Fritzerl und Greterl
verliefen sich im Wald
»Der ferne Klang« in Graz
»Der ferne Klang« als erste Premiere der neuen Intendantin an der Grazer Oper. Warum eigentlich? Genauer betrachtet ist dieses Stück hohles Geklingel, textlich wie musikalisch.
September 2015
Einen rauschenden Erfolg fuhr die neue Intendantin der Grazer Oper mit ihrer ersten Premiere ein: Franz Schrekers Oper "Der ferne Klang" machte dem Publikum offenbar mächtigen Eindruck. Die Rechnung scheint aufgegangen: Ein Werk wieder zur Diskussion zu stellen, das während der NS-Herrschaft zur "entarteten Kunst" gerechnet wurde, ist meist ein dankbares Unterfangen. Freilich, gerade mit dem "Fernen Klang" wurden in den vergangenen Jahren aus diesem Grund wiederholt Reanimationsversuche angestellt, alle verliefen im Sand. Während der so erfolgreichen Grazer Premiere konnten Musikfreunde, für die diese Aufführung daher keine Erstbegegnung war, in Ruhe Überlegungen anstellen, warum das so ist.Der erste Eindruck beschert dem Stück ganz offenkundig Sympathien.

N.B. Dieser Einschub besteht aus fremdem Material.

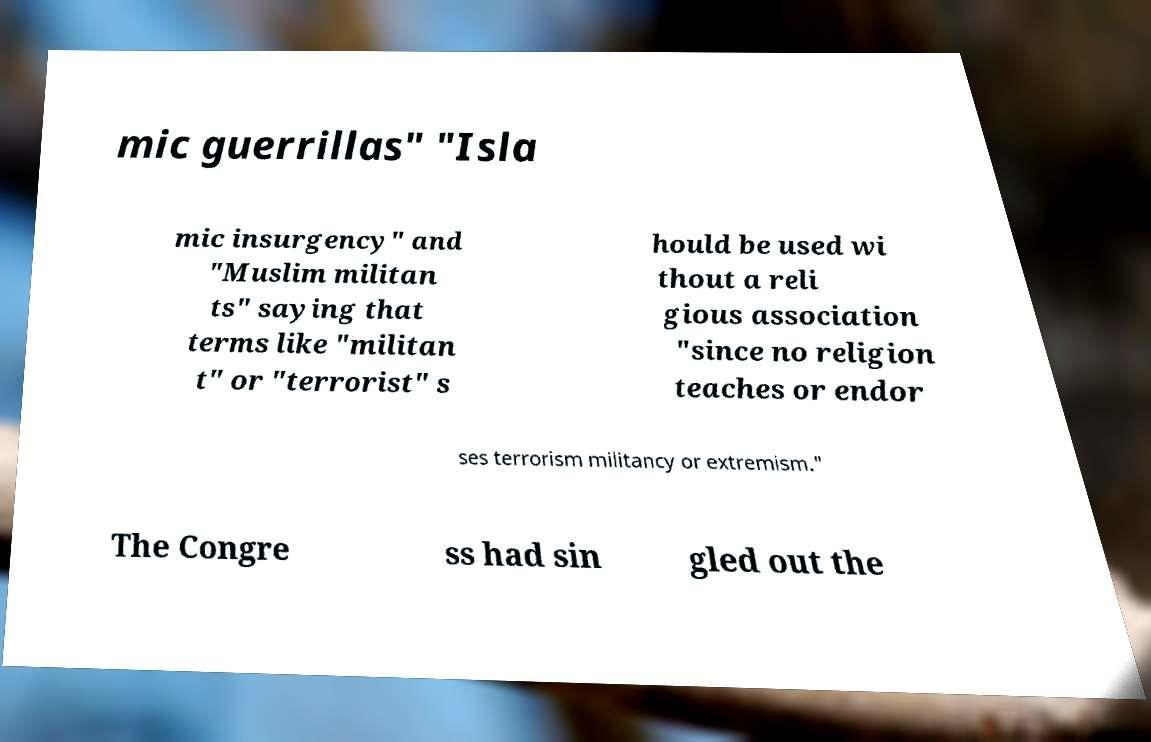Can you accurately transcribe the text from the provided image for me? mic guerrillas" "Isla mic insurgency" and "Muslim militan ts" saying that terms like "militan t" or "terrorist" s hould be used wi thout a reli gious association "since no religion teaches or endor ses terrorism militancy or extremism." The Congre ss had sin gled out the 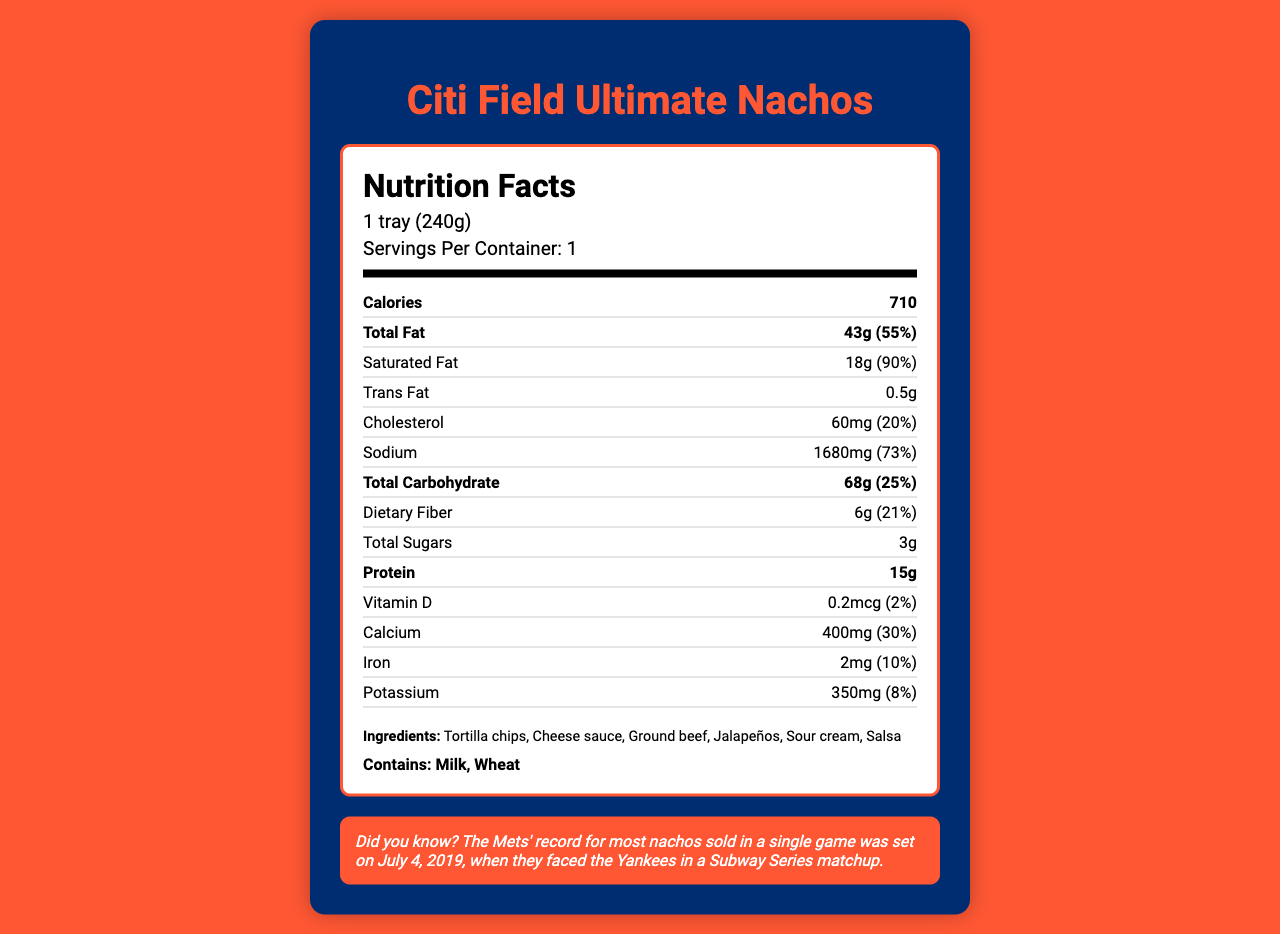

Genauer betrachtet, bleibt vom glitzernden Spiel mit erwachenden sexuellen Regungen und verklemmten Trau-mi-net- und Mag-di-net-Attitüden allerdings vor allem eins in Erinnerung: hohles Geklingel, textlich wie musikalisch.
Ein Komponist auf der Suche
Franz Schreker war ja sein eigener Librettist, was ihm wiederholt den Ehrentitel des einzigen befugten Wagner-Nachfolgers einbrachte. Tatsächlich scheut er vor unverhohlenen Wagnerismen auch nicht zurück. "Ring" und "Parsifal" färben immer wieder ab. Und die Musik, die Schreker zu den oft unsäglich banalen Versen schreibt, ist im "Fernen Klang" beinah ausschließlich wegen der raffinierten Orchesterbehandlung von Reiz: Mit Klangfarben spielt Schreker wie einer der wirklich Großen seiner Zeit. Allerdings mangelt es ihm auch diesbezüglich an Originalität.Ungeschickterweise ist der Held seiner Oper ja Komponist und auf der Suche nach einem rätselhaft schönen Klang. Da wäre die Fantasie des Komponisten, der einen Komponisten komponiert, aufs Äußerste gefordert. Doch symbolisiert Schreker den ominösen fernen Klang mit simpelsten Mitteln: Wenn dieser Fritz von seinen Visionen schwärmt, hört das Publikum Harfen, Glocken und Celesta-Geklingel. Die Banalität der Sprache setzt sich bei den klanglichen Mitteln fort.
Das insgesamt ungeformte Raunen und Schwelgen in spätromantischer Harmonik bedürfte im Übrigen wenigstens ein, zwei Mal pro Akt einer melodischen Katharsis. So haben es von Richard Strauss bis Erich Wolfgang Korngold alle effektsicheren Meister der Zeit gehalten. Und es ist ihnen in der Regel auch immer einiges Ohrwurmträchtiges eingefallen.
Im "Fernen Klang" ist es hingegen kein "Sehnen und Wähnen", ja nicht einmal ein Stück Glück, das uns im Gedächtnis verblieb, sondern mit Nachsicht aller Taxen eine zweitaktige Phrase, über die sich Fritz und seine Gretel in einem kurzen Duett verbreitern.
Der Rest ist Rezitativ, angereichert mit allerlei Klanggebärden, die sich mehrheitlich als parsifalesker Wagner-Nachhall entpuppen, den das Grazer Orchester unter Dirk Kaftan immerhin mit Lust auskostet. Das klingt imposant und übertönt in vielen Fällen, was an Gesang von der Bühne kommt. Manchmal übertüncht es gnädig technische Mängel, vor allem bei Daniel Kirchs Fritz, der nur in der Mittellage wirklich sicher und heldisch tönt. Johanni van Oostrum gibt die Grete, auch sie im mittleren Bereich ihres Soprans von fülliger Ausdruckskraft. Die Regie versucht mit einigem Geschick, der krausen Geschichte Form zu geben, und macht aus dem bei Schreker nur im ersten Akt hereinlugenden "alten Weib" eine Hauptrolle: Dshhamilja Kaiser wird zum Alter Ego der Grete, singt mit entsprechend jugendlicher, frischer Stimme, übernimmt im zweiten Akt dann auch diverse Sprechrollen und kündigt während der sonoren, doch vergeblichen Werbung des Grafen (Markus Butter) die Wiederkehr des verloren geglaubten Fritz an.